Para pelaku pasar kini juga memproyeksikan peluang penurunan suku bunga lanjutan pada Oktober sebesar 67%, naik dari 55% sehari sebelumnya, berdasarkan data FedWatch CME.
Inflasi AS
Rilis data Indeks Harga Konsumen (IHK) AS yang sesuai ekspektasi turut memengaruhi pergerakan harga. IHK tahunan bulan Juli naik 2,7%, sementara IHK inti tahunan meningkat 3,1%, melampaui perkiraan pasar 3%. Pada basis bulanan, kedua data ini juga mencatat pertumbuhan yang lebih tinggi dari estimasi, masing-masing sebesar 0,2% untuk IHK dan 0,3% untuk IHK inti.

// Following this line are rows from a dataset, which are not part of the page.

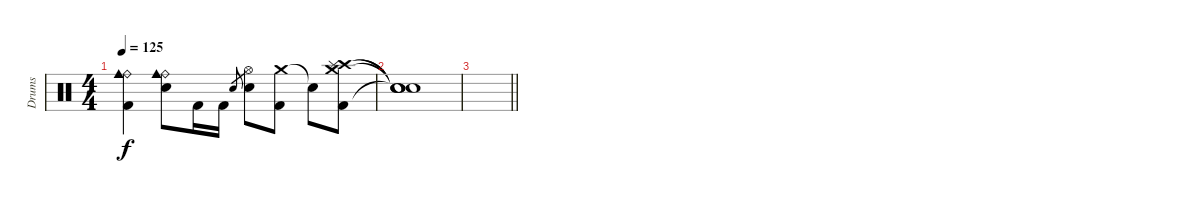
\track ("Drums" "Drums") {instrument percussion}
\staff {score}
\articulation defaults
\ts (4 4)
\tempo 125
\clef neutral
\ks c
("Ride (bell)" "Cowbell medium (hit)" "Kick (hit) 2").4{dy f} ("Ride (bell)" "Cowbell medium (hit)" "Electric Snare (hit)").8 "Kick (hit) 2".16 "Kick (hit) 2".16 "Electric Snare (hit)".8{gr} ("Hi-Hat (open)" "Electric Snare (hit)").8 ("Crash medium (hit)" "Kick (hit) 2").8 "Snare (hit)"{t}.8{volume 0} ("Crash high (hit)" "Crash medium (hit)" "Splash (hit)" "Kick (hit) 2").8{volume 16} |
("Snare (hit)"{t} "Snare (hit)"{t} "Snare (hit)"{t} "Snare (hit)"{t}).1 |
\barLineRight lightlight
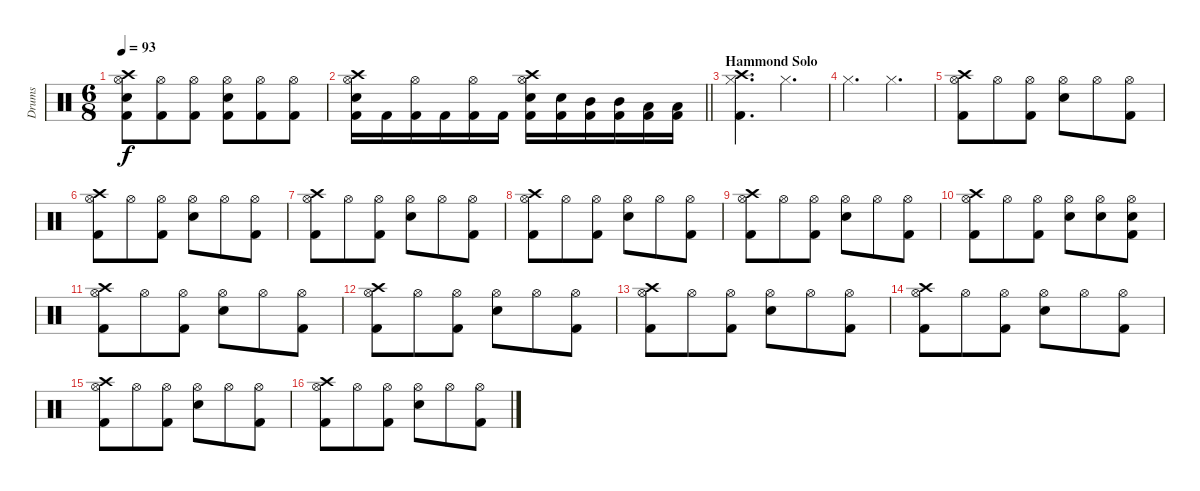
\track ("Drums" "Drums") {instrument percussion}
\staff {score}
\articulation defaults
\ts (6 8)
\tempo 93
\clef neutral
\ks c
("Crash high (hit)" "Hi-Hat (open)" "Snare (hit) 2" "Kick (hit) 2").8{dy f} ("Hi-Hat (open)" "Kick (hit) 2").8 ("Hi-Hat (open)" "Kick (hit) 2").8 ("Hi-Hat (open)" "Snare (hit) 2" "Kick (hit) 2").8 ("Hi-Hat (open)" "Kick (hit) 2").8 ("Hi-Hat (open)" "Kick (hit) 2").8 |
\barLineRight lightlight
("Crash high (hit)" "Hi-Hat (open)" "Snare (hit) 2" "Kick (hit) 2").16 "Kick (hit) 2".16 ("Hi-Hat (open)" "Kick (hit) 2").16 "Kick (hit) 2".16 ("Hi-Hat (open)" "Kick (hit) 2").16 "Kick (hit) 2".16 ("Crash high (hit)" "Hi-Hat (open)" "Snare (hit) 2" "Kick (hit) 2").16 ("Snare (hit) 2" "Kick (hit) 2").16 ("Mid Tom (hit)" "Kick (hit) 2").16 ("Mid Tom (hit)" "Kick (hit) 2").16 ("Low Tom (hit)" "Kick (hit) 2").16 ("Low Tom (hit)" "Kick (hit) 2").16 |
\section ("" "Hammond Solo")
("Crash high (hit)" "Hi-Hat (closed)" "Kick (hit) 2").4{d} "Hi-Hat (closed)".4{d} |
"Hi-Hat (closed)".4{d} "Hi-Hat (closed)".4{d} |
("Crash high (hit)" "Hi-Hat (open)" "Kick (hit) 2").8 "Hi-Hat (open)".8 ("Hi-Hat (open)" "Kick (hit) 2").8 ("Hi-Hat (open)" "Snare (hit) 2").8 "Hi-Hat (open)".8 ("Hi-Hat (open)" "Kick (hit) 2").8 |
("Crash high (hit)" "Hi-Hat (open)" "Kick (hit) 2").8 "Hi-Hat (open)".8 ("Hi-Hat (open)" "Kick (hit) 2").8 ("Hi-Hat (open)" "Snare (hit) 2").8 "Hi-Hat (open)".8 ("Hi-Hat (open)" "Kick (hit) 2").8 |
("Crash high (hit)" "Hi-Hat (open)" "Kick (hit) 2").8 "Hi-Hat (open)".8 ("Hi-Hat (open)" "Kick (hit) 2").8 ("Hi-Hat (open)" "Snare (hit) 2").8 "Hi-Hat (open)".8 ("Hi-Hat (open)" "Kick (hit) 2").8 |
("Crash high (hit)" "Hi-Hat (open)" "Kick (hit) 2").8 "Hi-Hat (open)".8 ("Hi-Hat (open)" "Kick (hit) 2").8 ("Hi-Hat (open)" "Snare (hit) 2").8 "Hi-Hat (open)".8 ("Hi-Hat (open)" "Kick (hit) 2").8 |
("Crash high (hit)" "Hi-Hat (open)" "Kick (hit) 2").8 "Hi-Hat (open)".8 ("Hi-Hat (open)" "Kick (hit) 2").8 ("Hi-Hat (open)" "Snare (hit) 2").8 "Hi-Hat (open)".8 ("Hi-Hat (open)" "Kick (hit) 2").8 |
("Crash high (hit)" "Hi-Hat (open)" "Kick (hit) 2").8 "Hi-Hat (open)".8 ("Hi-Hat (open)" "Kick (hit) 2").8 ("Hi-Hat (open)" "Snare (hit) 2").8 ("Hi-Hat (open)" "Snare (hit) 2").8 ("Hi-Hat (open)" "Snare (hit) 2" "Kick (hit) 2").8 |
("Crash high (hit)" "Hi-Hat (open)" "Kick (hit) 2").8 "Hi-Hat (open)".8 ("Hi-Hat (open)" "Kick (hit) 2").8 ("Hi-Hat (open)" "Snare (hit) 2").8 "Hi-Hat (open)".8 ("Hi-Hat (open)" "Kick (hit) 2").8 |
("Crash high (hit)" "Hi-Hat (open)" "Kick (hit) 2").8 "Hi-Hat (open)".8 ("Hi-Hat (open)" "Kick (hit) 2").8 ("Hi-Hat (open)" "Snare (hit) 2").8 "Hi-Hat (open)".8 ("Hi-Hat (open)" "Kick (hit) 2").8 |
("Crash high (hit)" "Hi-Hat (open)" "Kick (hit) 2").8 "Hi-Hat (open)".8 ("Hi-Hat (open)" "Kick (hit) 2").8 ("Hi-Hat (open)" "Snare (hit) 2").8 "Hi-Hat (open)".8 ("Hi-Hat (open)" "Kick (hit) 2").8 |
("Crash high (hit)" "Hi-Hat (open)" "Kick (hit) 2").8 "Hi-Hat (open)".8 ("Hi-Hat (open)" "Kick (hit) 2").8 ("Hi-Hat (open)" "Snare (hit) 2").8 "Hi-Hat (open)".8 ("Hi-Hat (open)" "Kick (hit) 2").8 |
("Crash high (hit)" "Hi-Hat (open)" "Kick (hit) 2").8 "Hi-Hat (open)".8 ("Hi-Hat (open)" "Kick (hit) 2").8 ("Hi-Hat (open)" "Snare (hit) 2").8 "Hi-Hat (open)".8 ("Hi-Hat (open)" "Kick (hit) 2").8 |
("Crash high (hit)" "Hi-Hat (open)" "Kick (hit) 2").8 "Hi-Hat (open)".8 ("Hi-Hat (open)" "Kick (hit) 2").8 ("Hi-Hat (open)" "Snare (hit) 2").8 "Hi-Hat (open)".8 ("Hi-Hat (open)" "Kick (hit) 2").8

Kenaikan ini memunculkan spekulasi bahwa tekanan inflasi di AS masih cukup kuat, namun The Fed bisa saja mengambil langkah pelonggaran moneter untuk menjaga momentum pertumbuhan ekonomi.
Suku bunga yang lebih rendah umumnya menjadi katalis positif bagi emas, karena mengurangi biaya peluang untuk memegang aset yang tidak memberikan imbal hasil seperti logam mulia.
Namun, faktor fundamental lain juga membatasi ruang kenaikan. Kemajuan di bidang perdagangan antara AS dan Tiongkok setelah Donald Trump sepakat menunda penerapan tarif besar selama 90 hari telah meredakan kekhawatiran geopolitik yang biasanya mendorong permintaan emas sebagai aset safe-haven.
Tekanan dalam Jangka Pendek
Dari sisi komentar pejabat The Fed, Thomas Barkin dari The Richmond menilai kebijakan saat ini berada pada posisi yang tepat, meskipun bank sentral tetap menghadapi tantangan dari sisi inflasi dan pengangguran.
Sementara itu, Jeffrey Schmid dari The Fed Kansas City menyatakan sikap kebijakan yang sedikit ketat masih relevan, dengan pendekatan yang sabar terhadap perubahan suku bunga.
Secara keseluruhan, Andy Nugraha menilai bahwa meskipun emas sempat rebound di awal pekan, tren jangka pendek masih berada di bawah tekanan bearish. Momentum penguatan berpeluang membawa harga menguji level berikutnya, namun jika gagal bertahan, tekanan jual berpotensi kembali mendominasi.